Give again, word for word, the lines below that run from the line with "The height and" through the line with "Task: Point to". Drop the pictures.

_Given data_

------------------------------

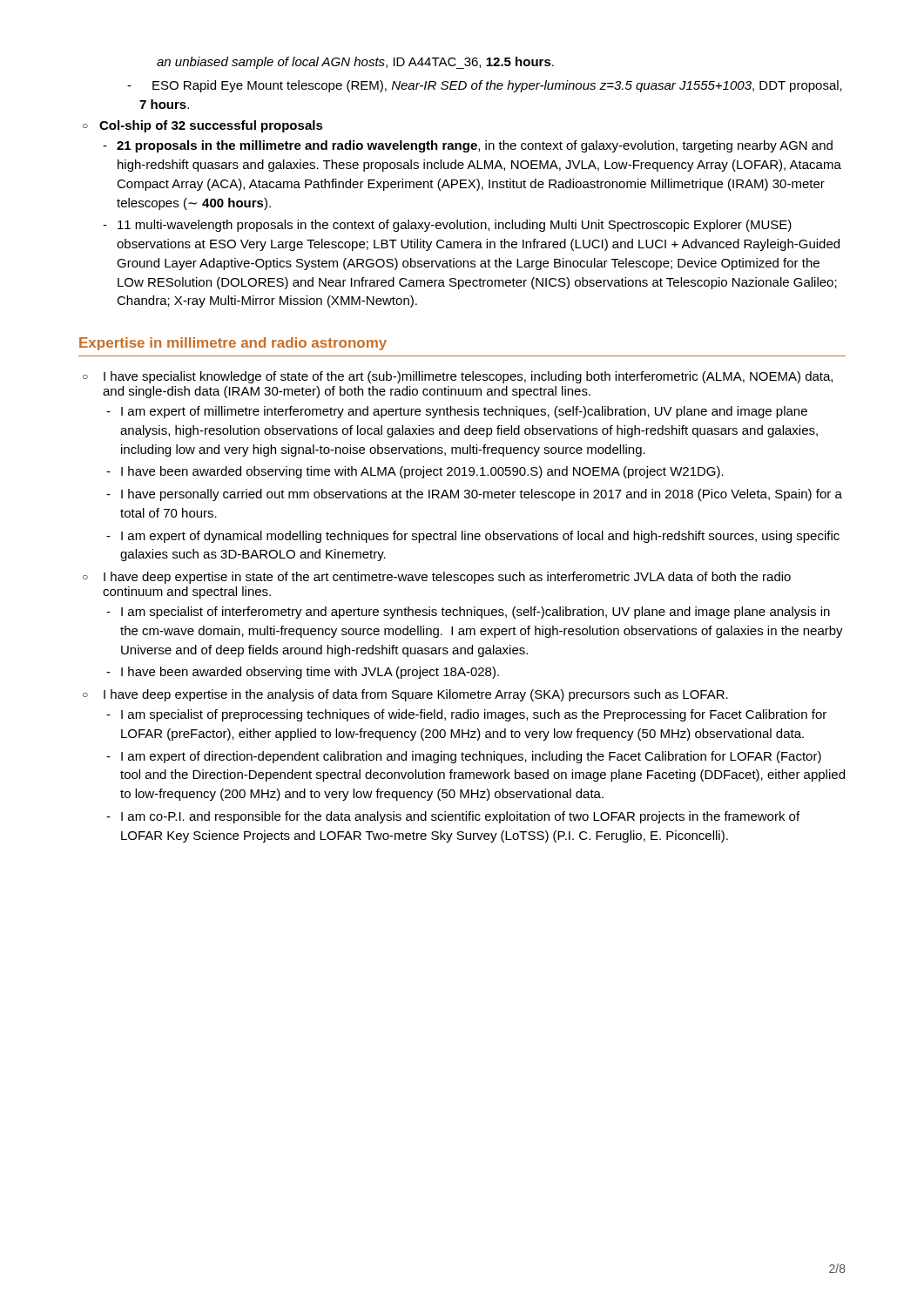This screenshot has height=1307, width=924.
Task: Locate the block of text that opens with "11 multi-wavelength proposals in the context"
Action: click(479, 263)
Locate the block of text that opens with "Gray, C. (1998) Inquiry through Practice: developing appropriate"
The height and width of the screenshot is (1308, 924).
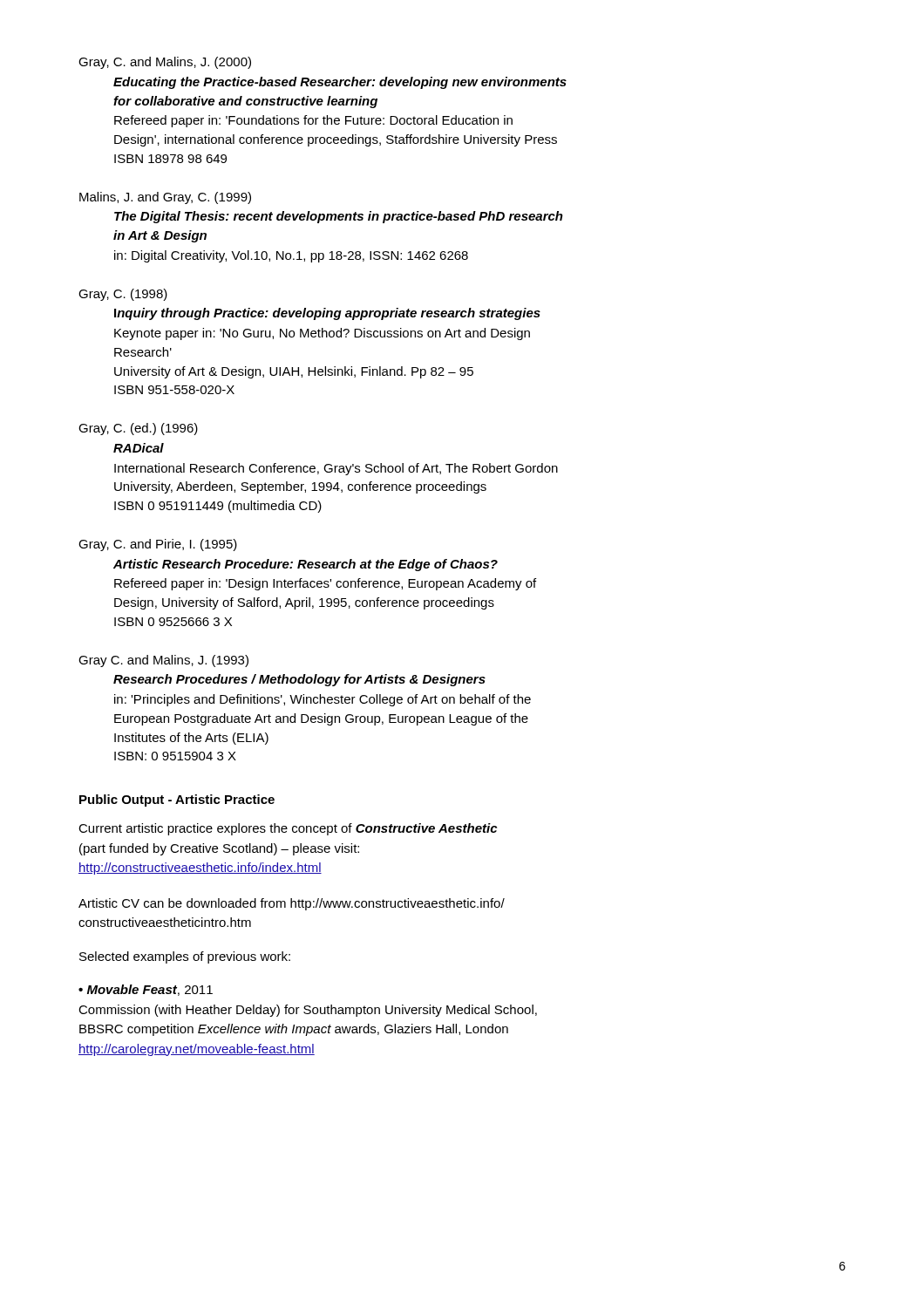(462, 342)
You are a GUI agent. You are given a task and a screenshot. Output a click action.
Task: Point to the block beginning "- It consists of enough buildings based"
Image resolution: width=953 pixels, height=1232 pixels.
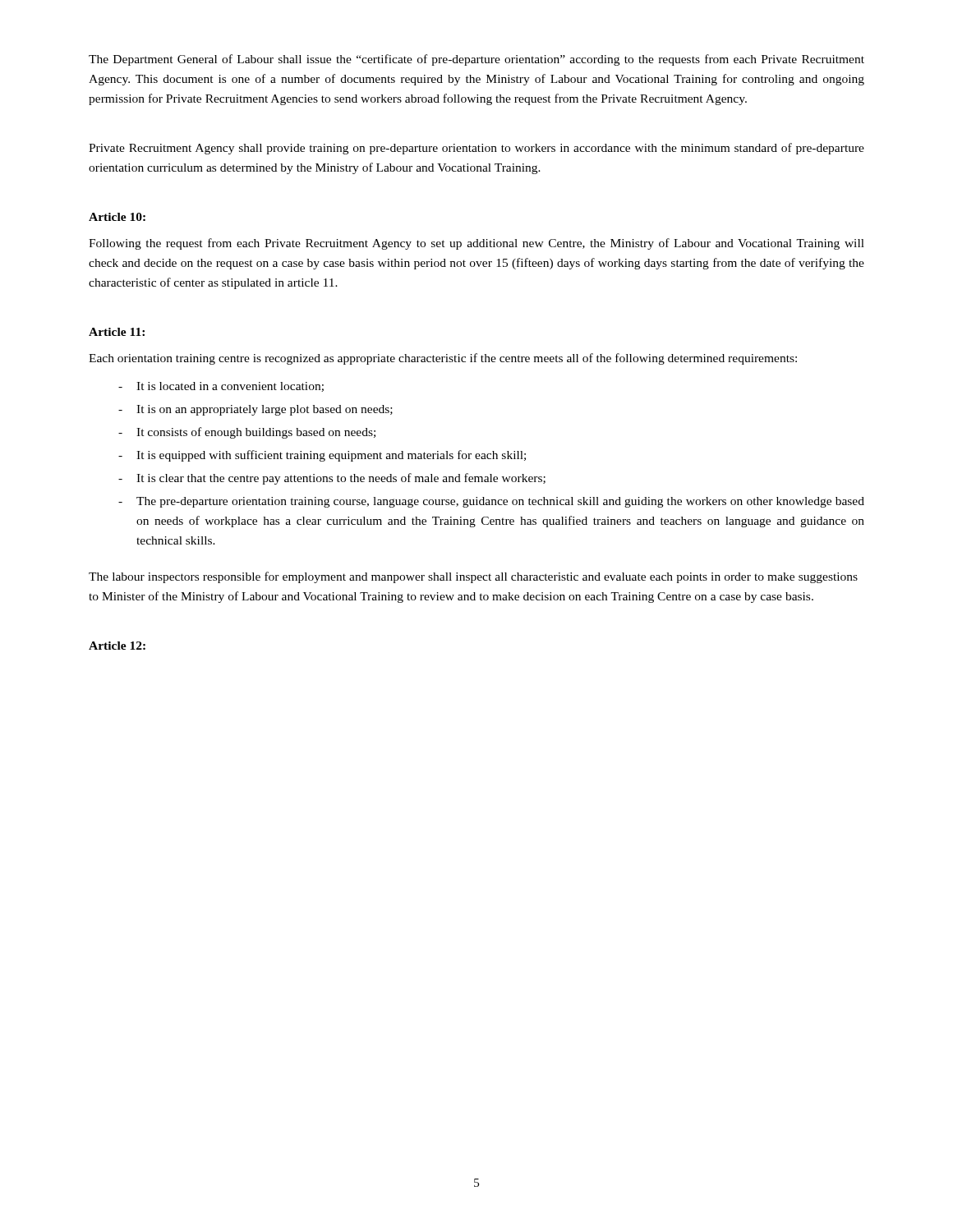click(x=247, y=433)

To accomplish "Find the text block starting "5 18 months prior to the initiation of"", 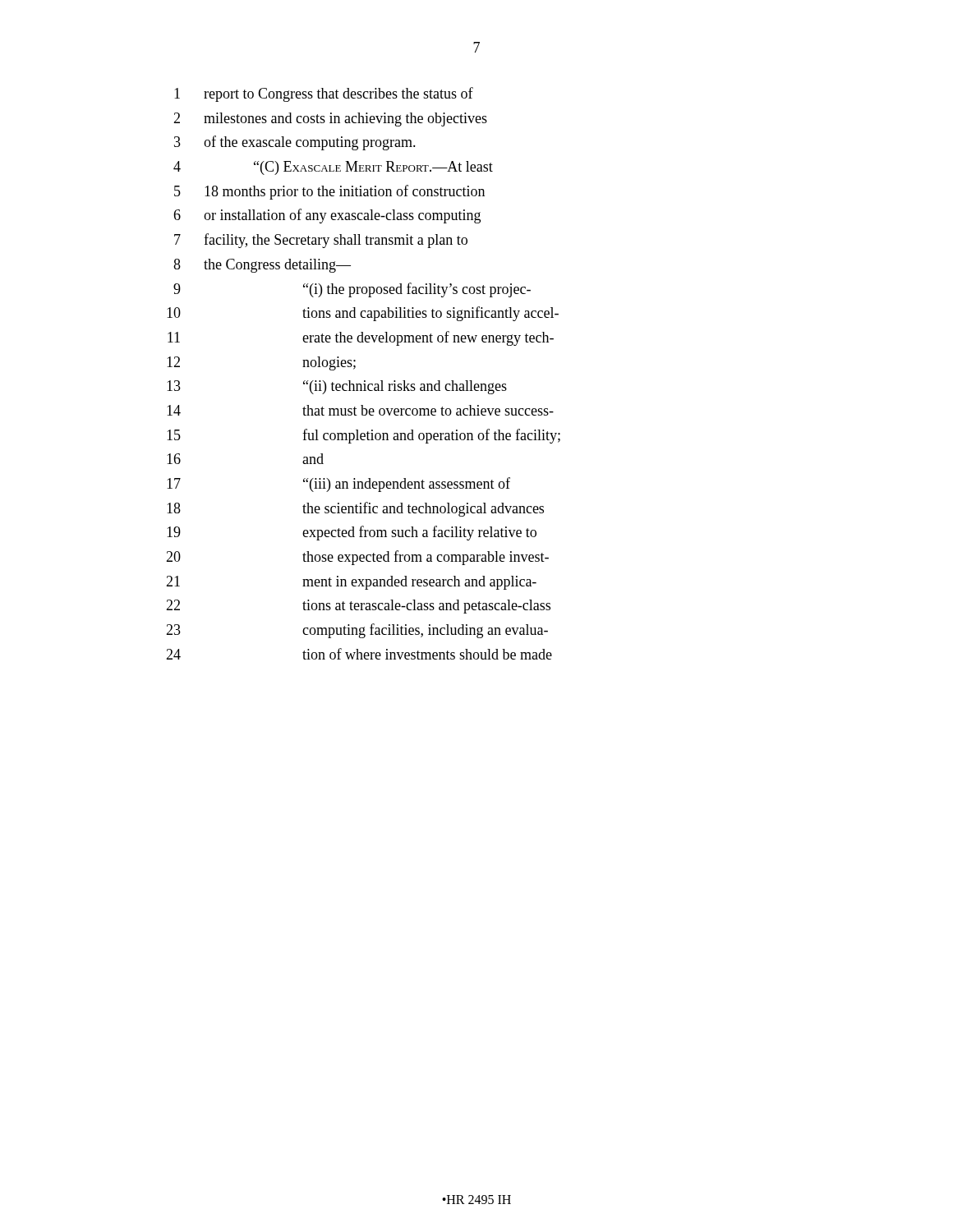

------------------------------

_Exercise solution_
The height and width of the screenshot is (1308, 924).
(462, 342)
You are a GUI agent. You are given a task and a screenshot. Output a click action.
Task: Point to the block beginning "- It consists of enough buildings based"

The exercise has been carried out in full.